Butter, Olive Oil, Flour
Even the grocery list is a love poem, a prayer—
God, let me keep what I love.
Peaches, cheap. Books, brilliant—
mine so I can underline.
How aromatic the apricots,
how sharp the novels.
Together,
we have planted an orchard.
I don’t understand the word defensive:
are you supposed to just sit there?
I don’t think we have this word in Romanian;
we also don’t have a word for camel toe.
Or panty line: if you don’t see one
does it mean you’re going commando?
You always put a spell on me.
And everything I want is here—
but where am I?
—Lucia Cherciu, Poetry Foundation May 2023
Hey there - I'm Bruce Cole, Publisher of Edible San Francisco. If you’re new here, welcome to Eat.Drink.Think., a newsletter spotlighting seasonal recipes, the latest SF Bay Area food news, poetry, and more!

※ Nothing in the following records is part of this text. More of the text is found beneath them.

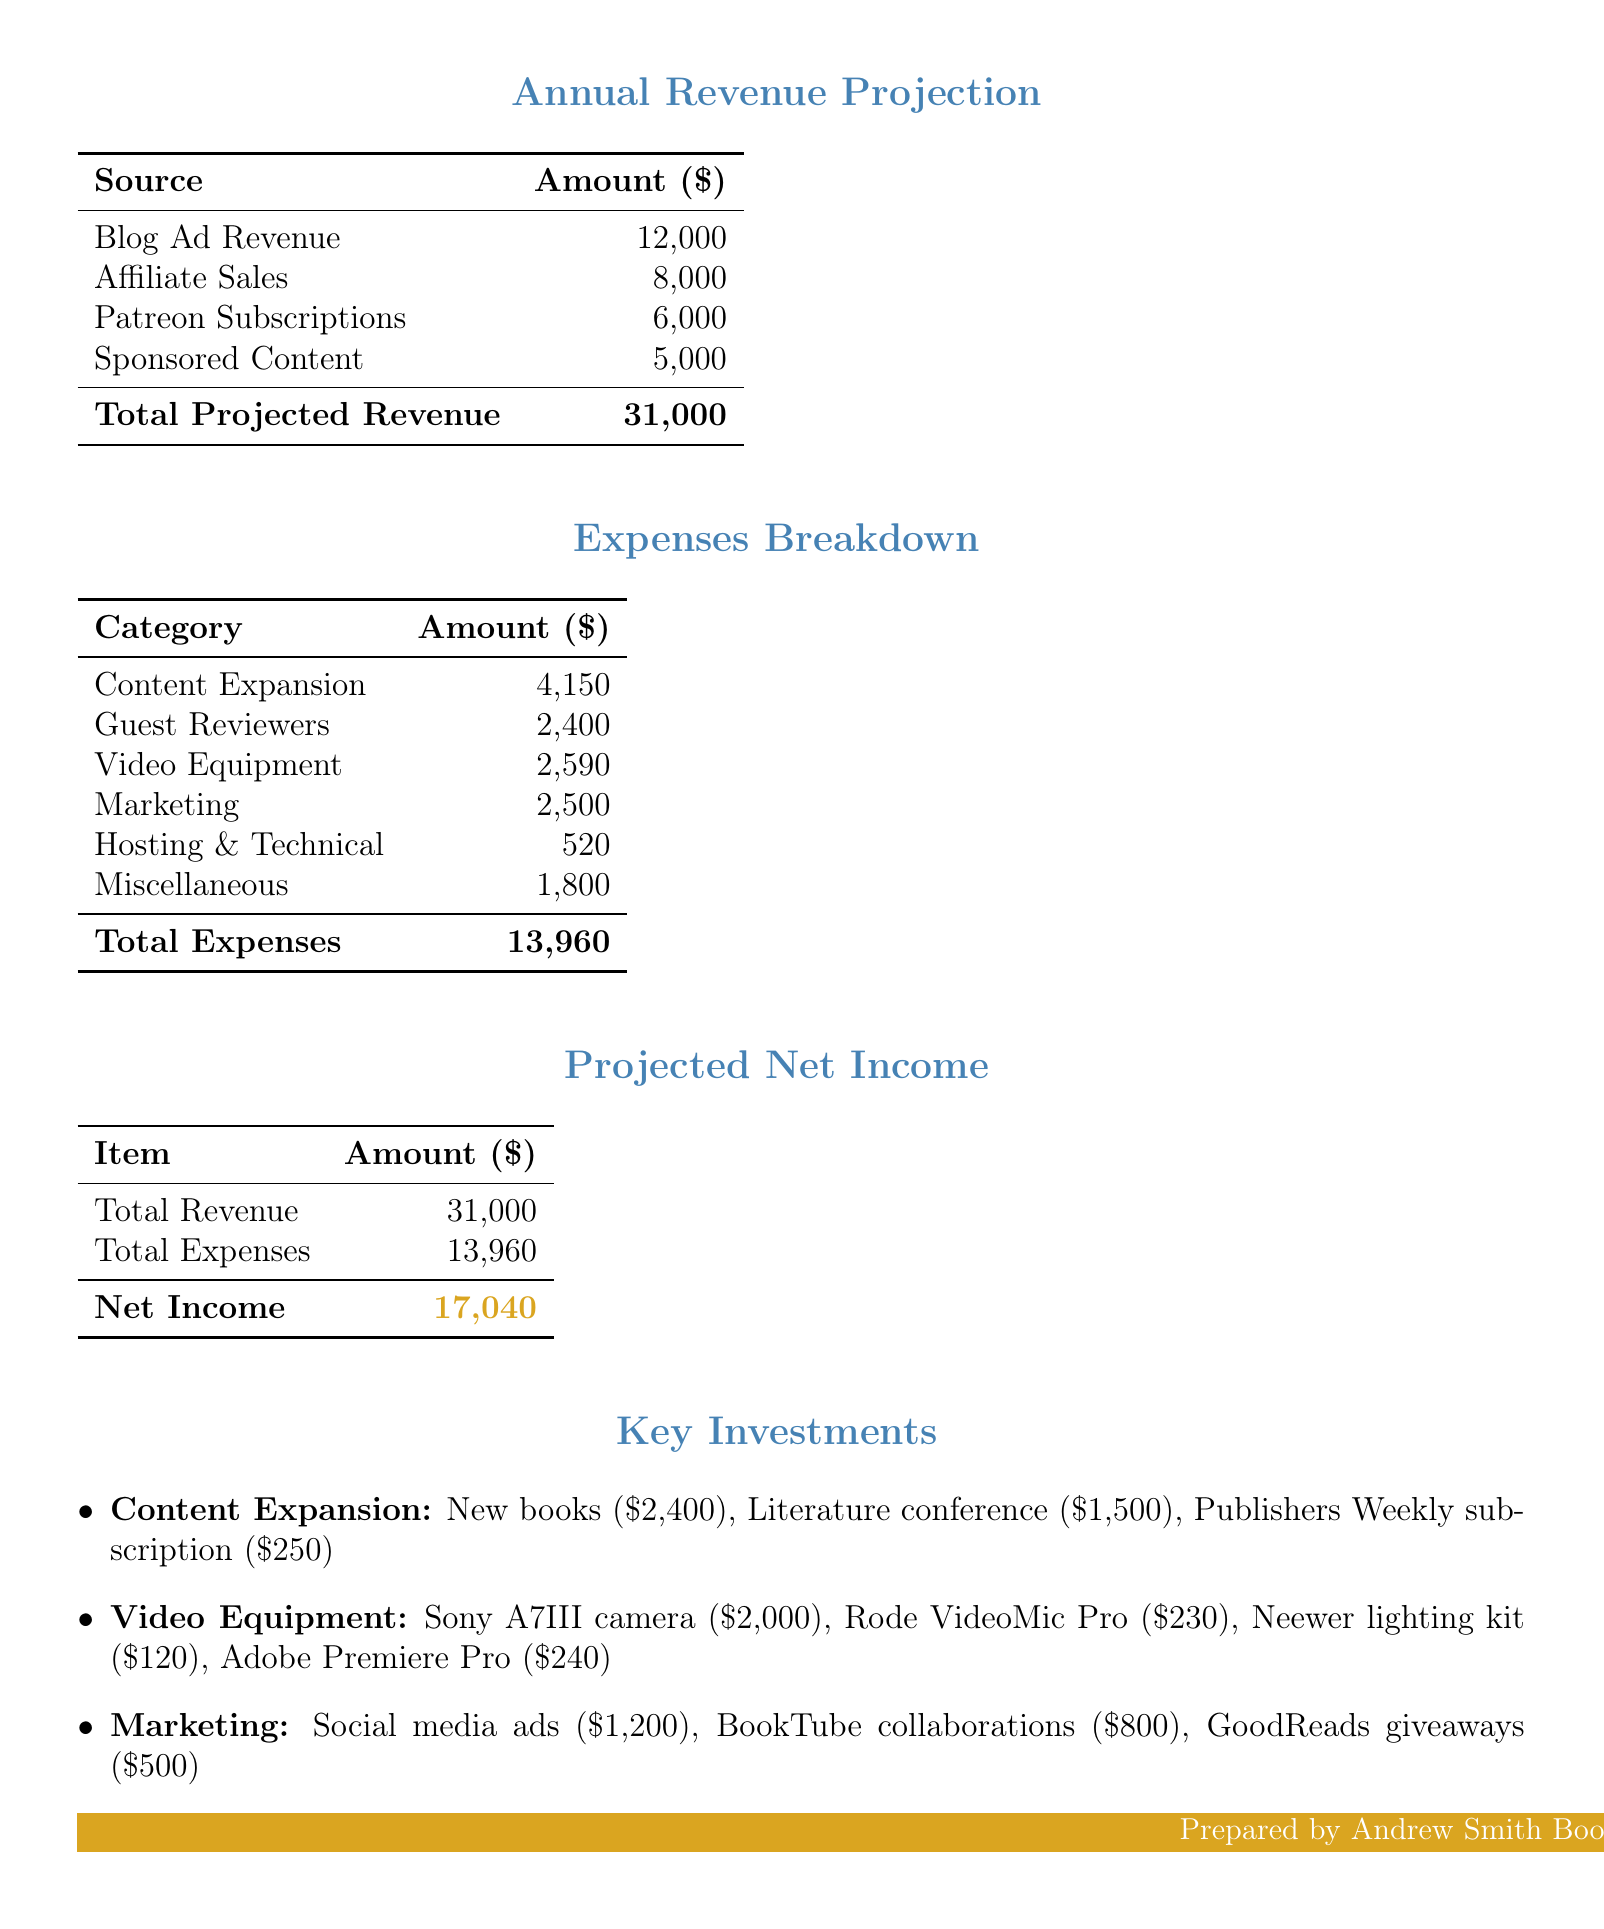What is the total projected revenue? The total projected revenue is calculated by summing all revenue sources listed in the document: $12,000 + $8,000 + $6,000 + $5,000 = $31,000.
Answer: $31,000 How much is allocated for marketing expenses? The marketing expenses include social media ads, BookTube collaborations, and GoodReads giveaways, totaling $1,200 + $800 + $500 = $2,500.
Answer: $2,500 What is the cost of the Sony A7III camera? The document specifies that the cost of the Sony A7III camera is $2,000.
Answer: $2,000 How many guest reviews are planned? The document states that there are 24 planned guest reviews.
Answer: 24 What is the total amount budgeted for guest reviewers? The total guest reviewer cost is indicated as $2,400 for the planned reviews.
Answer: $2,400 What is the total amount for content expansion costs? The content expansion costs are summed as $2,400 + $1,500 + $250 = $4,150.
Answer: $4,150 What is the net income projected? The net income is calculated by subtracting total expenses from total revenue: $31,000 - $13,960 = $17,040.
Answer: $17,040 Which expenses fall under miscellaneous expenses? The miscellaneous expenses listed include office supplies, professional development courses, and a contingency fund.
Answer: Office supplies, professional development courses, contingency fund What is the total investment in video equipment? The total investment in video equipment is calculated as $2,000 + $230 + $120 + $240 = $2,590.
Answer: $2,590 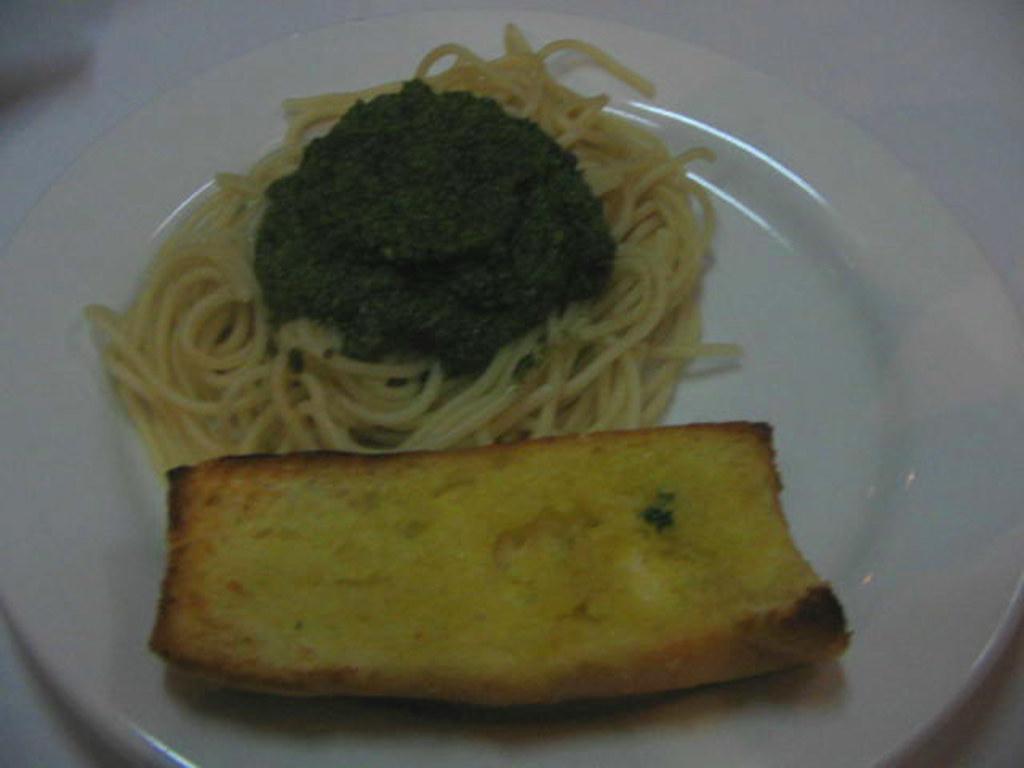Can you describe this image briefly? In this image we can see the food item in the plate and the plate placed on the surface which looks like a table. 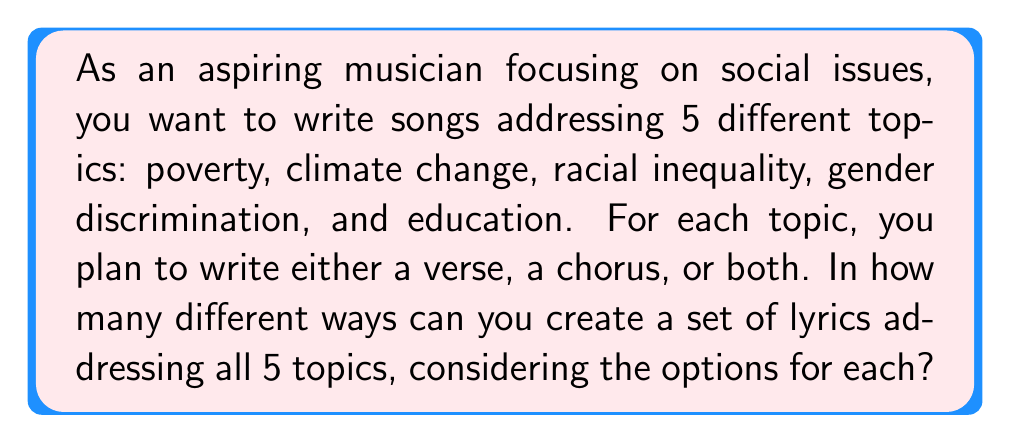What is the answer to this math problem? Let's approach this step-by-step:

1) For each topic, we have three options:
   - Write only a verse
   - Write only a chorus
   - Write both a verse and a chorus

2) This means for each topic, we have 3 choices.

3) We need to make this choice for all 5 topics independently.

4) When we have a series of independent choices, we multiply the number of options for each choice.

5) Therefore, we can use the multiplication principle:

   $$ \text{Total combinations} = 3 \times 3 \times 3 \times 3 \times 3 = 3^5 $$

6) Let's calculate this:

   $$ 3^5 = 3 \times 3 \times 3 \times 3 \times 3 = 243 $$

Thus, there are 243 different ways to create a set of lyrics addressing all 5 social issues, considering the options for each topic.
Answer: $243$

👉 ICYMI The most clicked link from our last newsletter was a poll on whether you’d consider trying MSG. 44% of you said yes! 32% were on the fence, and 24% said no f-ing way.
It’s Too Hot to Cook! It’s summer in San Francisco, aka October, and despite our constant complaining about the cold, foggy weather, when the temps hit the 80’s, all we do is complain about the heat. Grass is always greener, right? On days like this, we don’t dare turn on the oven, so we resort to something that only requires a sharp knife and cold fish: crudo. In this case, dice up some local halibut filets, pour a cold glass of sake, and try to find the coldest place in the house to eat (the garage in our place). Halibut Crudo with Avocado Crema and Yuzo Kosho. Edible SF
A Dreamy Scandinavian Brunch Restaurant: Janelle Bitker talks to Nichole Accettola about her new cookbook, Scandinavian from Scratch: A Love Letter to the Baking of Denmark, Norway and Sweden, and how the pandemic triggered recent menu changes at Kantine. “Cookbooks in the U.S. dedicated to Scandinavian baking are rare. And generally, Danish baking doesn’t have the same renown here as some other European countries — which Accettola feels is a shame.” SF Chronicle (no paywall)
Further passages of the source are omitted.